── Data to examine ──

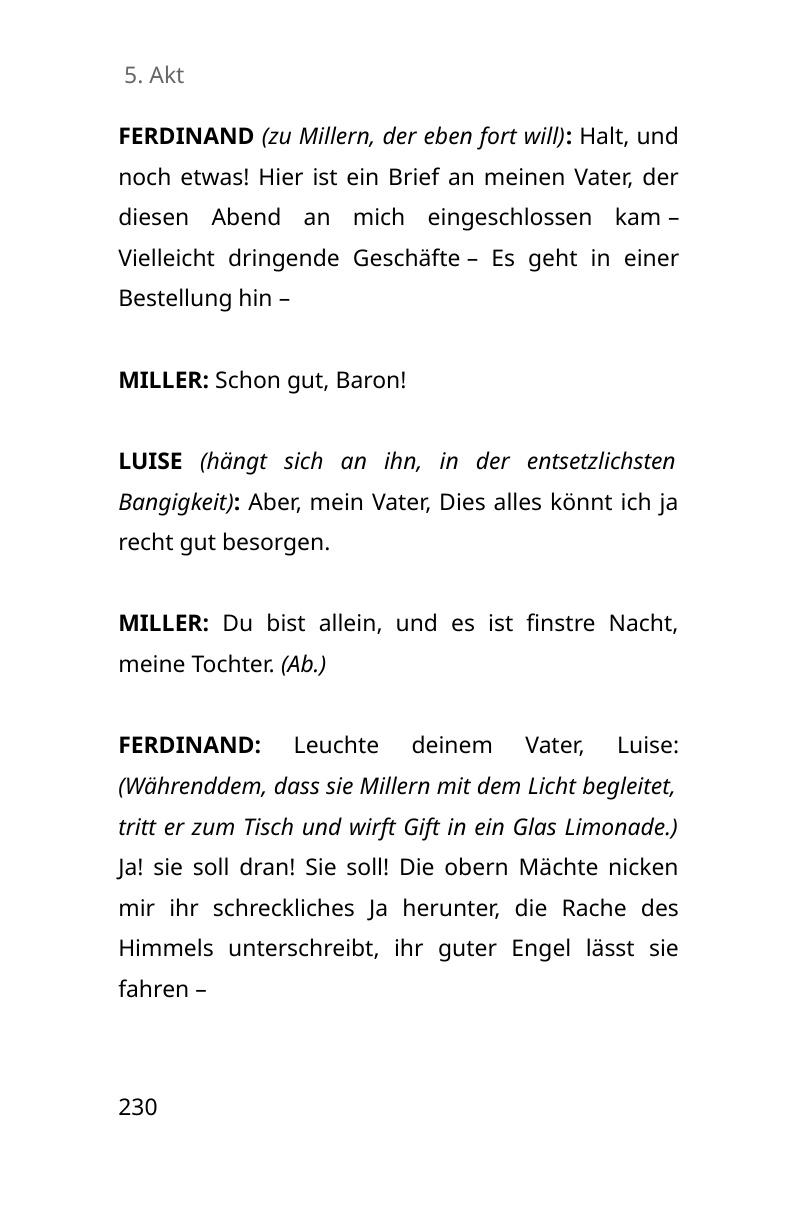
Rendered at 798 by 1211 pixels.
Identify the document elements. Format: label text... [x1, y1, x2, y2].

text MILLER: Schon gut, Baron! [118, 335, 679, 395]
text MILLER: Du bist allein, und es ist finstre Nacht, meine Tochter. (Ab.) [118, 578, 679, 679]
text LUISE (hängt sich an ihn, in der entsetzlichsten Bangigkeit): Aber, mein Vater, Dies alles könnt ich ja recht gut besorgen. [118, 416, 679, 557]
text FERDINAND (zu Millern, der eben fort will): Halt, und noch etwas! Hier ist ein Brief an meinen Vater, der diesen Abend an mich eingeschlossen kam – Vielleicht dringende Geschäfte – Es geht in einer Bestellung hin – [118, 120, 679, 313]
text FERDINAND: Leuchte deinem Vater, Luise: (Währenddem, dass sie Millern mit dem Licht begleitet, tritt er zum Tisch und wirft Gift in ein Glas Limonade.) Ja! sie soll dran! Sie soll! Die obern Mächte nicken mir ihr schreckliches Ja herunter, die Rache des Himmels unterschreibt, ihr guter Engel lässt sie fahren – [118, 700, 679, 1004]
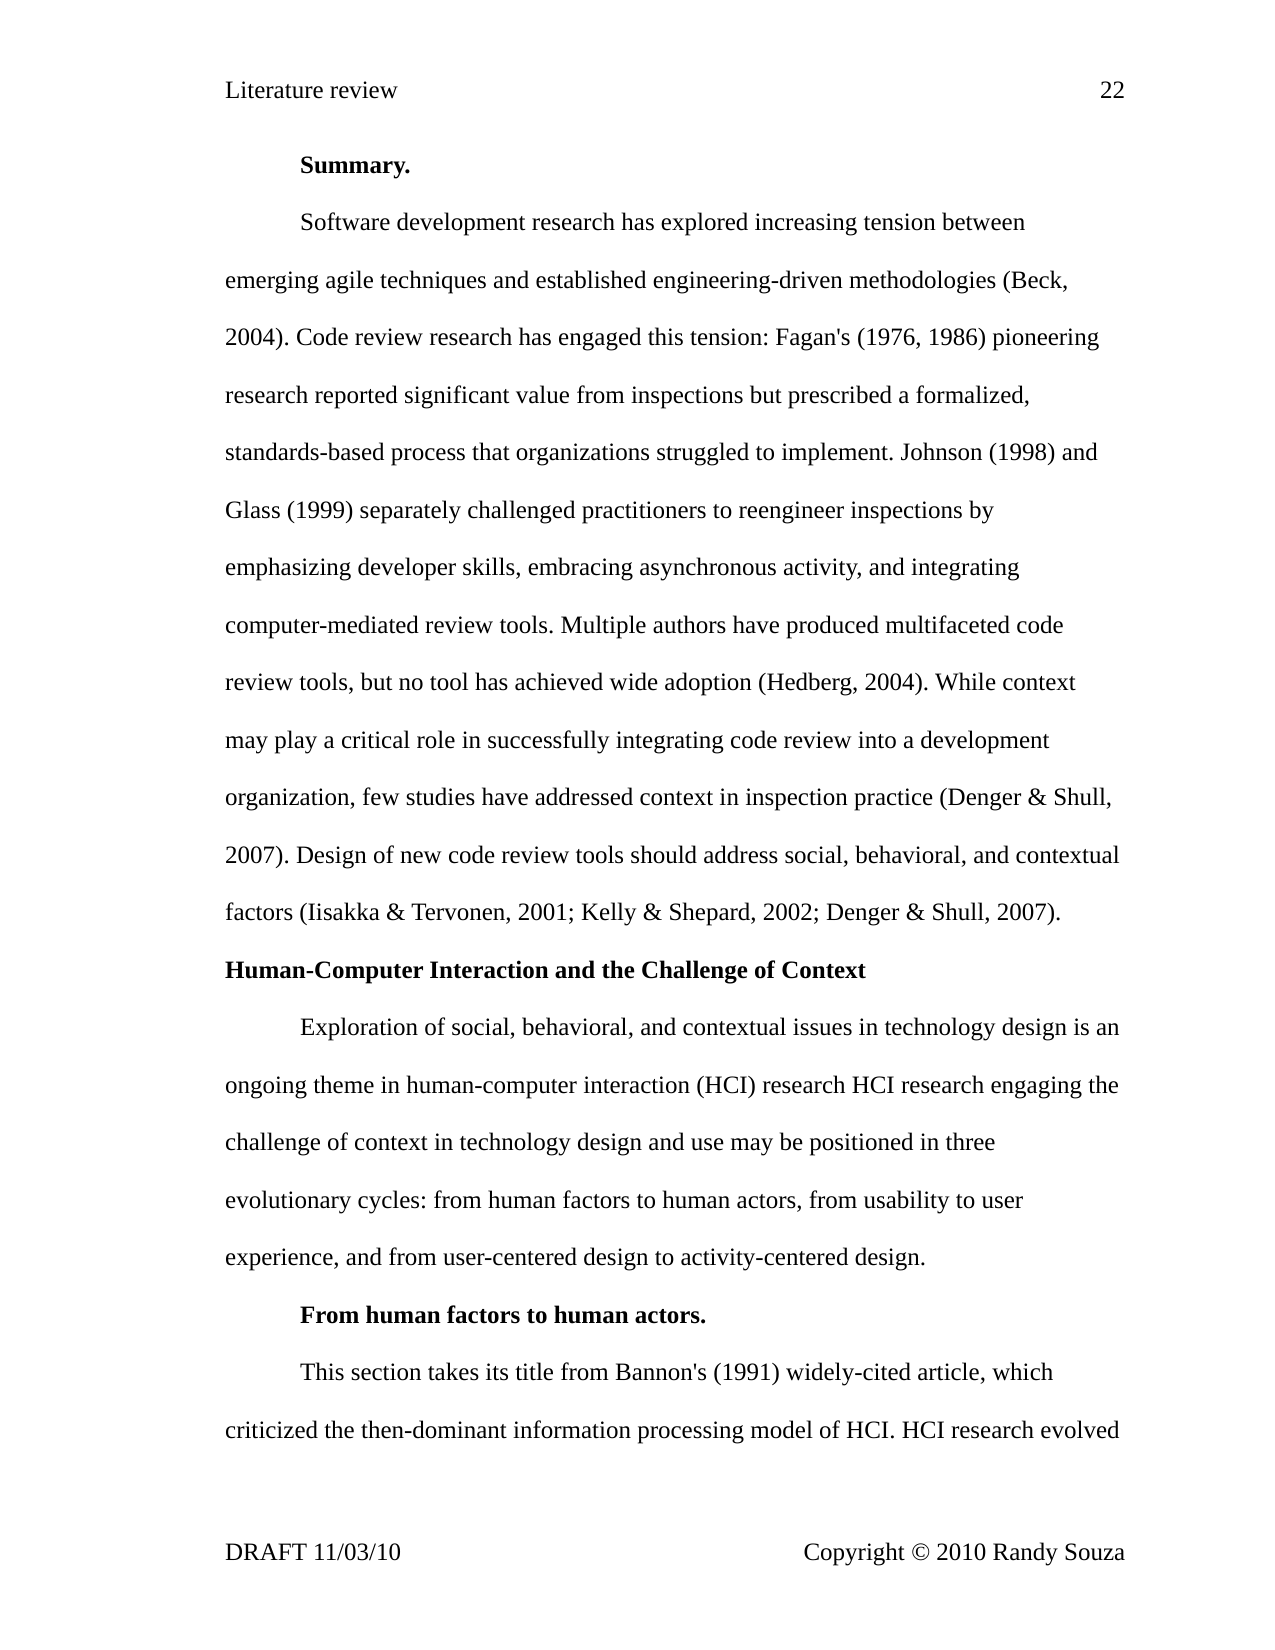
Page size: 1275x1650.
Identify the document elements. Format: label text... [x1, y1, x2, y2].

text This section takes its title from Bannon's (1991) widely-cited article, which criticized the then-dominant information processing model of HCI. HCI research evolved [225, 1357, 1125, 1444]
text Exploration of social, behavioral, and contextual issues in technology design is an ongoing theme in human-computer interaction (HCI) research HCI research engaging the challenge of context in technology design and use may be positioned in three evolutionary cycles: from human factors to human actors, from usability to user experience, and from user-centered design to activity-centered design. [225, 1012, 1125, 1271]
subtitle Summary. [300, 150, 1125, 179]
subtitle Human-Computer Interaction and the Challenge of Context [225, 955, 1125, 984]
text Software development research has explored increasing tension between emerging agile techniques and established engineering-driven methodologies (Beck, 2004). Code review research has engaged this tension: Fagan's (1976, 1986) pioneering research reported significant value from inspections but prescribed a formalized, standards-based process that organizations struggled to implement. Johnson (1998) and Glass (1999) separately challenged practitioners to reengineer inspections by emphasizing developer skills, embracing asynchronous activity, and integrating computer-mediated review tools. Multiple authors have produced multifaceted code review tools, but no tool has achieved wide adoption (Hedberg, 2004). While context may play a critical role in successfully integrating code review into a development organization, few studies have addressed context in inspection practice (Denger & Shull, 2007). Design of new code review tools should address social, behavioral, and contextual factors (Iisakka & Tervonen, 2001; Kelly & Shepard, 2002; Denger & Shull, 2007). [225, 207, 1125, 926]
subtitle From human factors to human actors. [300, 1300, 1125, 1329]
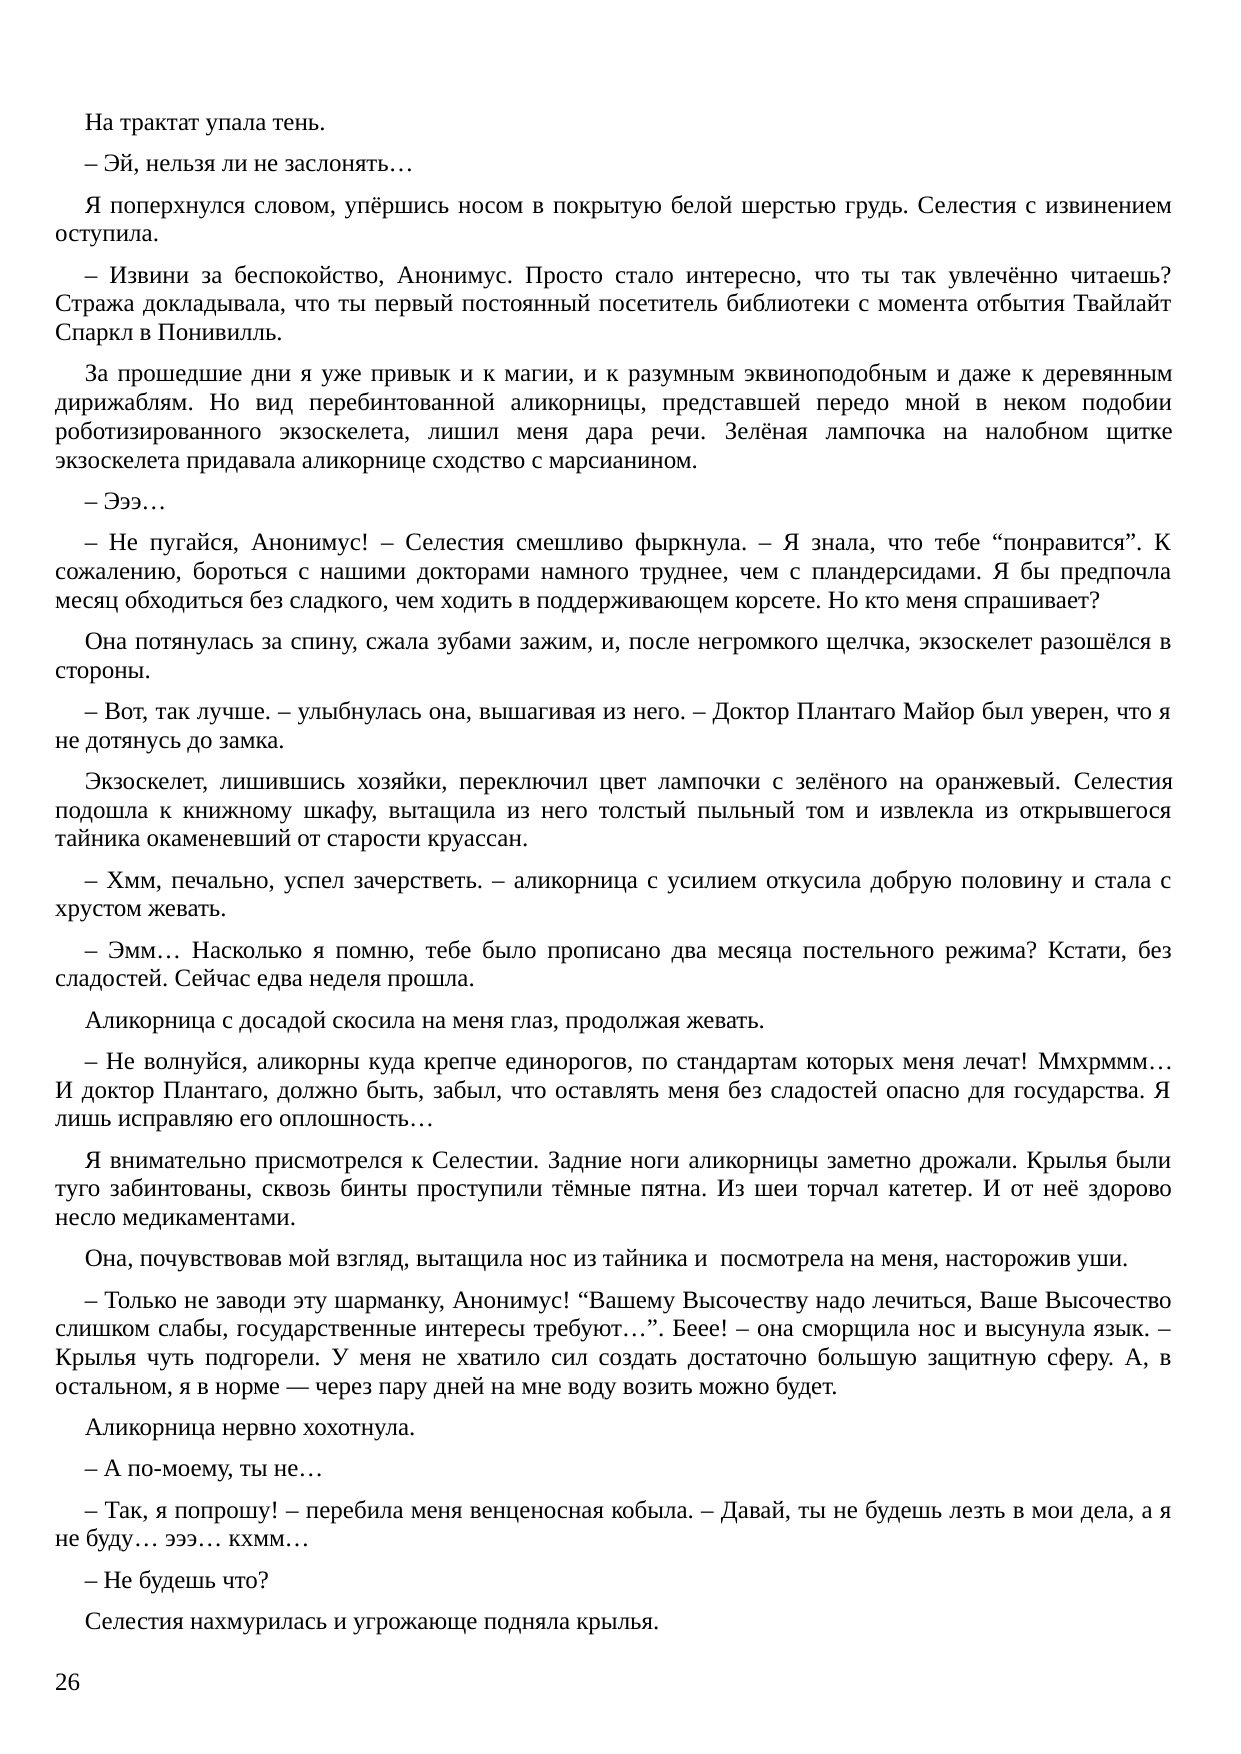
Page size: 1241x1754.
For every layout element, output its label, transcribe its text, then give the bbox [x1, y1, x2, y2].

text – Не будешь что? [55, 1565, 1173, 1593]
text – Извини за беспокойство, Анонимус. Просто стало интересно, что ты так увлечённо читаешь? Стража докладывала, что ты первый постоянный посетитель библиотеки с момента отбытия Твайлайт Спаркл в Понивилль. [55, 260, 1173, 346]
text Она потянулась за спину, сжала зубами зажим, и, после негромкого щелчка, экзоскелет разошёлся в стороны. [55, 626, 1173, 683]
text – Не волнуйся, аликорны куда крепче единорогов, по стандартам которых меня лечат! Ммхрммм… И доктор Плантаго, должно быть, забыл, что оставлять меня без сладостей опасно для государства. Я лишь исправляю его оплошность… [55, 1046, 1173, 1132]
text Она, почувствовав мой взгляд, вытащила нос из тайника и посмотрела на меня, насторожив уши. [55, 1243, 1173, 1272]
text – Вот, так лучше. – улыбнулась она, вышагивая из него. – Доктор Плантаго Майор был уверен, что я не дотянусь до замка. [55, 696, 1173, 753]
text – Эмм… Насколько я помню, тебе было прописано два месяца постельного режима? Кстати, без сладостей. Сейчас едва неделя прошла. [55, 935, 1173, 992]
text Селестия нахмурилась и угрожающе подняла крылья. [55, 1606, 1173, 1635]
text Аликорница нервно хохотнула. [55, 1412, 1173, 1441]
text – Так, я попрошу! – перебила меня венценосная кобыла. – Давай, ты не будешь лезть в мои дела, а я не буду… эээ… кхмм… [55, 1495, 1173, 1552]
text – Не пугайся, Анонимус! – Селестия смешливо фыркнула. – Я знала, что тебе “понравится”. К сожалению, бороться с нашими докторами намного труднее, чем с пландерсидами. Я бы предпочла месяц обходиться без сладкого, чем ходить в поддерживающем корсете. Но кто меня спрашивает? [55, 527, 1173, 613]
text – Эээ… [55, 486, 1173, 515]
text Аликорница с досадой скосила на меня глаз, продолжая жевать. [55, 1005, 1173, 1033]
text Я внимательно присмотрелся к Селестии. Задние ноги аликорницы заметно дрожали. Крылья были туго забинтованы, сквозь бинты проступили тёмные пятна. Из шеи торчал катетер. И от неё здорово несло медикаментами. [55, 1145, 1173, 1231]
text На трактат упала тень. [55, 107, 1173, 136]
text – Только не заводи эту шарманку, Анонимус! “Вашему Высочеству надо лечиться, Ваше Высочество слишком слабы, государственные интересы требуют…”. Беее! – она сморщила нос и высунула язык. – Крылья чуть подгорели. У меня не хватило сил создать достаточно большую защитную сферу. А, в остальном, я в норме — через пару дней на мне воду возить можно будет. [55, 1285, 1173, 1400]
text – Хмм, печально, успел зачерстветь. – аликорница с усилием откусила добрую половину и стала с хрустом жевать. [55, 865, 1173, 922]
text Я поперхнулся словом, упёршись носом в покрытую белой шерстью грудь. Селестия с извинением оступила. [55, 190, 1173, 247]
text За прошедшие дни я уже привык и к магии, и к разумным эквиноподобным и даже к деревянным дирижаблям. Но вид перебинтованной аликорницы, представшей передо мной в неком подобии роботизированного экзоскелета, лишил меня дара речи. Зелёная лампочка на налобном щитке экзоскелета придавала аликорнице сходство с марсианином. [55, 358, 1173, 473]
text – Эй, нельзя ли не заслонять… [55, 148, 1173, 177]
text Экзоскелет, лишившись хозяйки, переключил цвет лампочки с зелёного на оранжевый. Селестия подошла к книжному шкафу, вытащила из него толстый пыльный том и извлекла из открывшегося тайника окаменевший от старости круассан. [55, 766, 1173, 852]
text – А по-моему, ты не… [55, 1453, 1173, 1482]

───

**What the task asks**
Scan the records above for the lines holding "text MILLER: Schon" and "text MILLER: Du". Transcribe those two and every line between them word for word, and no others.

**Written answer**
text MILLER: Schon gut, Baron! [118, 335, 679, 395]
text MILLER: Du bist allein, und es ist finstre Nacht, meine Tochter. (Ab.) [118, 578, 679, 679]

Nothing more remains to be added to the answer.